In regard to self-protection by any means, emphasis here in martial disciplines like karate, there is an attitude born from this drive to other, others, i.e., “‘If you’re not with us, you’re against us’ is a simple heuristic people often use to decide whether someone is part of their tribe or not. If you are, then you can be expected to toe the line in certain ways if you don’t want to be ejected; if you’re not, you can be dismissed and hated as an ‘other’, the enemy.”

We who train to self-protect need to understand this need to other, in one regard there are those who we encounter that are strangers to us and that compounds things toward aggression and violence until they become one of us or that we reject, in some way be it by leaving, avoidance, or through proper self-protection actions. Strangers are “others” simply by the fact that they are unknown to us. 

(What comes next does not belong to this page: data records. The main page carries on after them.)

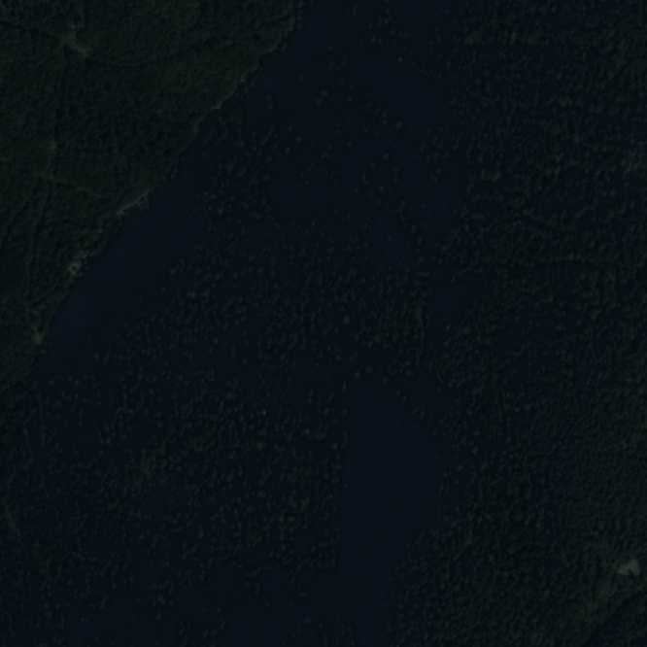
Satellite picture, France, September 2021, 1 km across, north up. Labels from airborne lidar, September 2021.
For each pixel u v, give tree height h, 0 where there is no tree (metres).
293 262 10
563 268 12
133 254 12
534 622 18
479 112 16
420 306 9
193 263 34
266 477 28
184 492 27
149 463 33
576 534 23
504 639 17
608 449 21
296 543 14
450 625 21
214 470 14
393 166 18
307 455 27
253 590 20
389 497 30
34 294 21
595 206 18
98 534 18
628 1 15
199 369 18
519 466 22
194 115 21
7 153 18
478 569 22
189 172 18
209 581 21
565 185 22
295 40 19
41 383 20
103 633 7
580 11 27
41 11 17
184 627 16
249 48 23
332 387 15
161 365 37
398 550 19
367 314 31
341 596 15
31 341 14
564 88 26
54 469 20
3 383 18
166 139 20
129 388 22
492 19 30
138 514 27
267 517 23
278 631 9
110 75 18
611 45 24
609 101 13
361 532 22
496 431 12
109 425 32
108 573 21
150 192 25
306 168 10
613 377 26
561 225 20
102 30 18
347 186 19
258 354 20
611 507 24
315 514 14
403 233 20
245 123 7
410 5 24
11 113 31
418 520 19
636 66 28
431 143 43
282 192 11
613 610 28
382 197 24
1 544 13
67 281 24
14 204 22
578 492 22
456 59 14
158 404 11
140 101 18
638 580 16
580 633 19
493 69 17
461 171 14
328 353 25
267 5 34
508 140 25
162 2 24
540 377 28
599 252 17
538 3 26
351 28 10
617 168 23
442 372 22
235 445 35
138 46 24
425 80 17
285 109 11
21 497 19
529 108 22
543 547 10
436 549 25
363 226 41
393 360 25
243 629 17
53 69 31
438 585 19
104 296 8
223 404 11
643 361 19
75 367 30
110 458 11
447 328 8
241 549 19
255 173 26
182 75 15
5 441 19
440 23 19
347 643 28
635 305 23
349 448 15
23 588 11
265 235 15
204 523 6
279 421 11
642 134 26
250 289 37
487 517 14
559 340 26
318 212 18
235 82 16
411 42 21
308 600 14
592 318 29
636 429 24
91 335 26
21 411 17
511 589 17
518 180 11
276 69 13
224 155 21
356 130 8
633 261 30
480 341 14
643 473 28
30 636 11
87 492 7
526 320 14
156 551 12
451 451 38
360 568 30
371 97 28
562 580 28
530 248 12
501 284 18
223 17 20
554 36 24
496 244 26
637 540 28
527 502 8
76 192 21
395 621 28
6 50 27
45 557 20
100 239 23
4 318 17
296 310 36
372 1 33
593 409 25
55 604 11
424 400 21
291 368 32
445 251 34
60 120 29
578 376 25
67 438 18
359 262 24
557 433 25
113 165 26
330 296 9
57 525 21
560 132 32
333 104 27
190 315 35
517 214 18
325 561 25
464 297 11
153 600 23
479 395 9
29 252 18
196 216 20
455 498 14
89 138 18
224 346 8
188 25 17
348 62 19
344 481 13
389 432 11
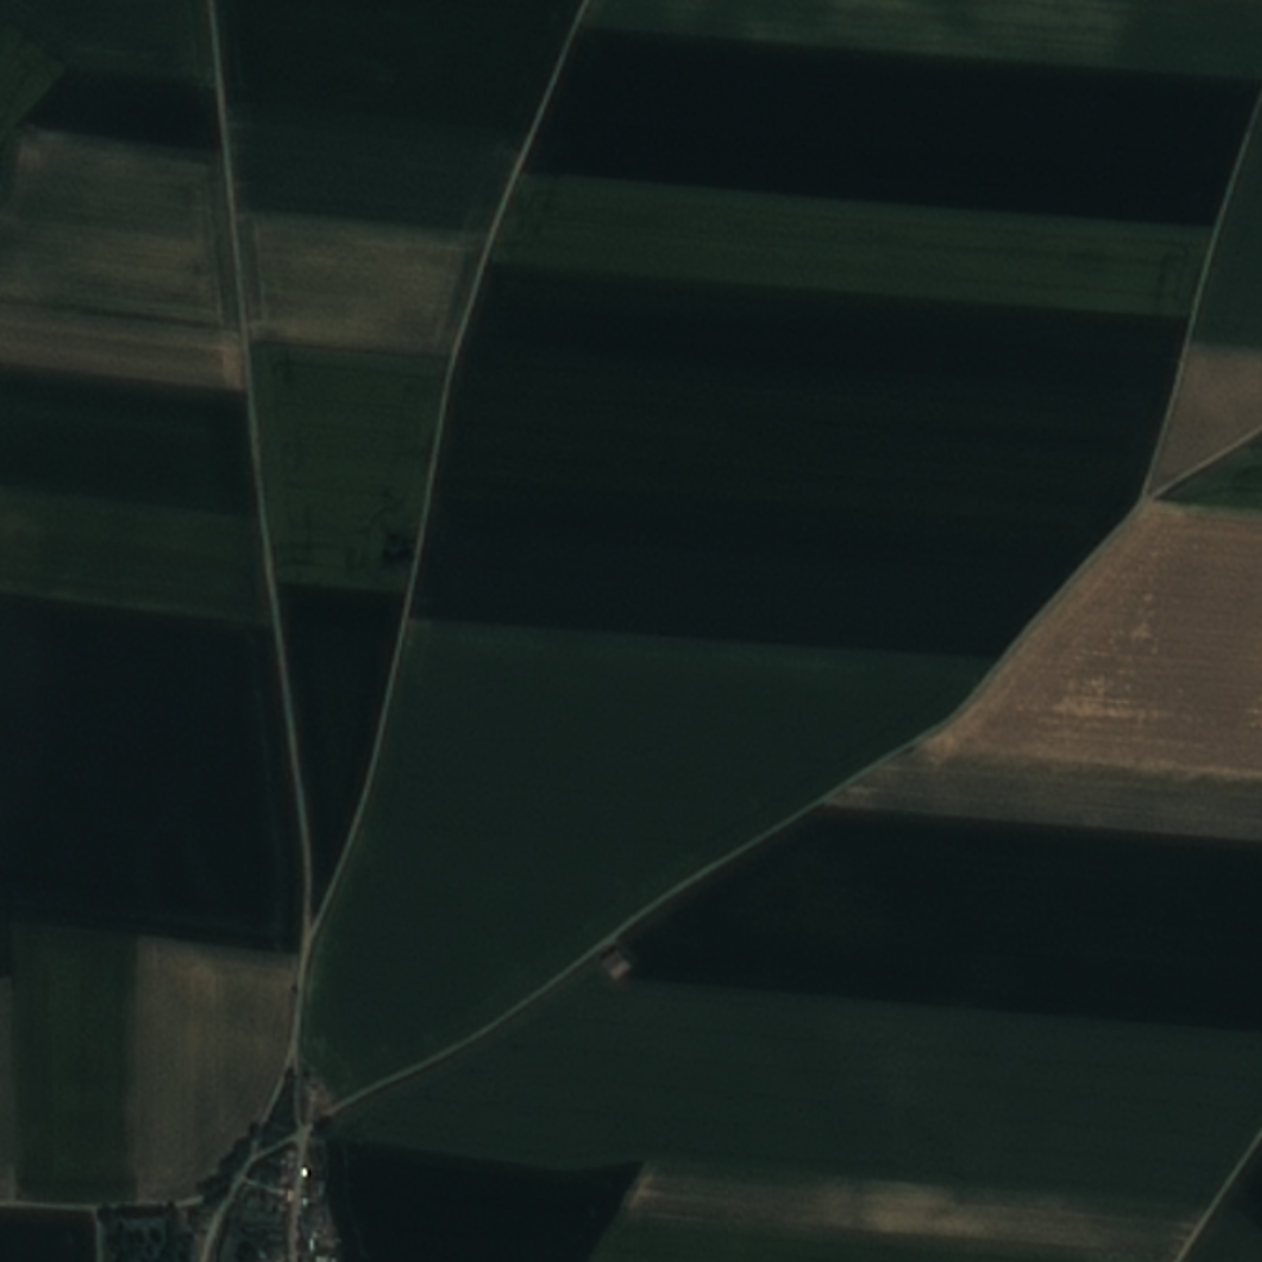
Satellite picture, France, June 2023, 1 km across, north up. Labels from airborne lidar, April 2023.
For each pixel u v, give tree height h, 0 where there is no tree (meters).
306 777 0
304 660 0
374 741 0
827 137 0
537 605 0
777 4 0
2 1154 0
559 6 0
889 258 0
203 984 0
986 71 0
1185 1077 0
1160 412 0
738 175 0
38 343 0
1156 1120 0
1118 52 0
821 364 0
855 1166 0
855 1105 0
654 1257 0
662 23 0
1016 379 0
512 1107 0
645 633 0
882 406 0
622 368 0
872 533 0
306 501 0
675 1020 0
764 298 0
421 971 0
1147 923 0
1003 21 0
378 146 0
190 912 0
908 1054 0
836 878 0
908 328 0
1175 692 0
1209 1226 0
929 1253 0
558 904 0
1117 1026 0
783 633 0
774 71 0
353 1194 0
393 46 0
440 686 0
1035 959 0
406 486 0
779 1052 0
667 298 0
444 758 0
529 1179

We have the ability through communications to establish the social status of a stranger where we may find connections, similarities in culture, beliefs, and other factors so they become one of us, even peripherally. This makes it less likely we cause friction toward some aggressive acts. 

One of many lessons folks learn in self-protection to achieve and maintain security and safety of oneself and those who are “one of us” is that deescalation means taking an attitude that the “other person” may have hidden qualities that we can seek to find then use that to create a connection that allows us to avoid violence and aggression. Understanding the othering thing means we have tools at our disposal that will allow is to see and feel a possible “way out” for us by connecting and removing the feeling that a person is “an other” bringing them closer to being “one of us.” 

If we can achieve this, then we can avoid conflict with violence resulting in all the ramifications that are found within these pages providing us and them with security, safety, health and survival. We provide ourselves solutions, when appropriate, and give the previous “other person” face-saving ways to remain intact in all ways.  

It is a common goal of people who teach self-protection that we must not FORGET, “If we’re experiencing guilt about our treatment of some person, or group, or class, and having trouble reconciling that guilt with our notion of ourselves as good people, our brains are extremely adept at resolving the situation by othering the people we feel that we’ve wronged. If we de-humanize someone, and distance our empathy with them, then we won’t have to feel bad about the shabby way we’ve treated them.”

Recognizing our very human conditions and behaviors both conscious and sub-conscious as driven by past experiences, social conditions with coping skills and nature’s way to survival even tho not as necessary in modern societies where that conditioning has yet to evolve to meet modern standards and practices will go a long way to allow training and practices to achieve avoidance/deescalation from the brink of violence from aggressive tendencies to either get what we want or to attain some resource we need. 

Let us not forget, “how readily we can be swept up in a group identity, learning to embrace only those of our tribe and reject the ‘others’, even when the difference is entirely arbitrary and meaningless.” If we cannot achieve this understanding and then use it to train and practice to overcome the tendency then we fail to teach self-protection of the modern man. 

Learn to recognize when we other, others, and then train to avoid othering except when necessary to step into the application of violence to remain safe, secure and healthy. This balance between self, othering and connecting others to self is a difficult path to follow and takes a great deal of effort especially to turn it off when needed but more so to “turn othering back on” to achieve self-defense defense.